Add region aggregates (continents, income groups, World) to your data:

# Simple region aggregation
tb = paths.regions.add_aggregates(tb)

# Custom regions with custom aggregation with specific regions and aggregation methods
tb = paths.regions.add_aggregates(
    tb,
    regions={
        "Asia": {},  # No need to define anything, since it is a default region.
        "Asia excluding China": {  # Custom region that must be defined based on other known regions and countries.
            "additional_regions": ["Asia"],
            "excluded_members": ["China"],
        },
        "High-income countries": {},
    },
    aggregations={"population": "sum", "gdp": "mean_weighted_by_population"}
)

Note that we have a custom aggregate method mean_weighted_by_X which creates a mean weighted by X, where X is a given column in the table. If X is population, and it's not in the table, it will be added automatically (if so, the population dataset needs to be among the dependencies of the current data step).

Per capita calculations¶

Create per capita indicators for your data:

# Add per capita indicators for all numeric columns
tb = paths.regions.add_per_capita(tb)

# Add per capita indicators for specific columns
tb = paths.regions.add_per_capita(tb, columns=["gdp", "co2_emissions"])

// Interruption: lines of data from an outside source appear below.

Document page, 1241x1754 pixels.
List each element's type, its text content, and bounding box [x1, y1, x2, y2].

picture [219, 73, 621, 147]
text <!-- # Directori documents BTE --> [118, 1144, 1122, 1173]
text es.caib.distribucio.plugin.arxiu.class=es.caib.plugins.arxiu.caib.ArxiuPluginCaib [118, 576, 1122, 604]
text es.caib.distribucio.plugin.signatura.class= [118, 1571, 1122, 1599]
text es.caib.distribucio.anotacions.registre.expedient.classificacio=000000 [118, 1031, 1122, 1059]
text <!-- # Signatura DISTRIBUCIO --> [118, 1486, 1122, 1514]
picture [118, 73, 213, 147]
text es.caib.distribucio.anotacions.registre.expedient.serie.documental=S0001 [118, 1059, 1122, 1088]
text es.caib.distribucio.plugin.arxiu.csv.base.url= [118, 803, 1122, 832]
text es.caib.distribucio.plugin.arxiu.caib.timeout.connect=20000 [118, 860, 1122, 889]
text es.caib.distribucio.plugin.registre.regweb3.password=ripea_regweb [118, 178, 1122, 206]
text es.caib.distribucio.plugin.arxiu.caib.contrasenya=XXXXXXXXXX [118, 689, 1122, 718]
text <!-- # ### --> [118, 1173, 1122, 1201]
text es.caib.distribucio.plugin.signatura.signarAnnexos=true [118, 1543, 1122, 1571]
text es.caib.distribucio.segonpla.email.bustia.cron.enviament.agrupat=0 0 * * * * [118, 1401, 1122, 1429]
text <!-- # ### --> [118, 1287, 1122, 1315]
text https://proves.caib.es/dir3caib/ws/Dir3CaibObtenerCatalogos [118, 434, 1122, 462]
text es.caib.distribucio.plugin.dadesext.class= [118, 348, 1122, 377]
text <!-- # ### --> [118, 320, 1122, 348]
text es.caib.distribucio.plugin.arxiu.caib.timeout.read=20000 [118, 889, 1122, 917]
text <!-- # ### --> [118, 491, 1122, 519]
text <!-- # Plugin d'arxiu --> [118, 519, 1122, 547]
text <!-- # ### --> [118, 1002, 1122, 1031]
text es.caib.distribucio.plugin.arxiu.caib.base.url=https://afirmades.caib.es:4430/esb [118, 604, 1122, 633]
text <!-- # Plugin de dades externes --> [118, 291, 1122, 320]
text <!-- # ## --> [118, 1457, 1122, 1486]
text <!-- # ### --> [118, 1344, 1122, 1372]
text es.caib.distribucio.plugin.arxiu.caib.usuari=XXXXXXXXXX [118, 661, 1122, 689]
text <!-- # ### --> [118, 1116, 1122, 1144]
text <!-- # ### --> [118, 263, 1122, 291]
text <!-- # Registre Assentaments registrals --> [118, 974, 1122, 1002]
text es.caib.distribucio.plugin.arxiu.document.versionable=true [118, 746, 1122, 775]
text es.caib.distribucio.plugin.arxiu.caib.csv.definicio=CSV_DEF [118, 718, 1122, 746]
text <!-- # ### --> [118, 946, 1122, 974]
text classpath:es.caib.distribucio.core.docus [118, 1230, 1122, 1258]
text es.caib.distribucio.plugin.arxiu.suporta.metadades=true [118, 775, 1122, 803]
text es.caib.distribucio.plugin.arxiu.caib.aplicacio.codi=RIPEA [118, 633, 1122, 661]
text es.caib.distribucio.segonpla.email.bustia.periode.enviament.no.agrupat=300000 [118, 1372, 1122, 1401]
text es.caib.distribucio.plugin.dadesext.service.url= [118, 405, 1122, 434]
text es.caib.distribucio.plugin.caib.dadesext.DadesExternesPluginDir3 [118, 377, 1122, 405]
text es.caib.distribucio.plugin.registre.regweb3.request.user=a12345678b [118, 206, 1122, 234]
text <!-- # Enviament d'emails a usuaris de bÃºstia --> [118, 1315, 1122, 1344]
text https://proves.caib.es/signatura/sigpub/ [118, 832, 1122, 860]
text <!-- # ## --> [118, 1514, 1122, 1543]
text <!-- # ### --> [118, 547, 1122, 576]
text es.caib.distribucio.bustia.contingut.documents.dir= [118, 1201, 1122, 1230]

# Only include countries that have data (useful for regional aggregates)
tb = paths.regions.add_per_capita(
    tb,
    columns=["gdp"],
    only_informed_countries_in_regions=True
)

Multi-operation workflows¶

For better performance when doing both aggregation and per capita calculations:

# Create aggregator for efficient multi-operation workflow
agg = paths.regions.aggregator(regions=["World"], aggregations={"gdp": "sum"})
tb = agg.add_aggregates(tb)
tb = agg.add_per_capita(tb, columns=["gdp"])

Advanced usage

For more advanced features of Regions and RegionAggregator, like region overlap detection and custom region definitions, see the docstrings of the Regions class in etl/data_helpers/geo.py.

How to make changes to the dataset¶

New aliases and short names can be added to the dataset without creating a new dataset version. For that, we can use the harmonize tool in etl.

For any other type of change to the dataset:

If the change does not affect existing datasets, it can be done without creating a new dataset version. For example, adding a new region for a particular institution (e.g. North America (BP)) does not affect any other existing dataset.
If the change does affect existing datasets, then a new version needs to be created. For example, if sub-regions of a country are added, and they are also added as the members of a continent, this could affect existing datasets (that happened to have data for those sub-regions). However, if it's clear that the changes do not affect existing countries, then there is no need to update the dataset version.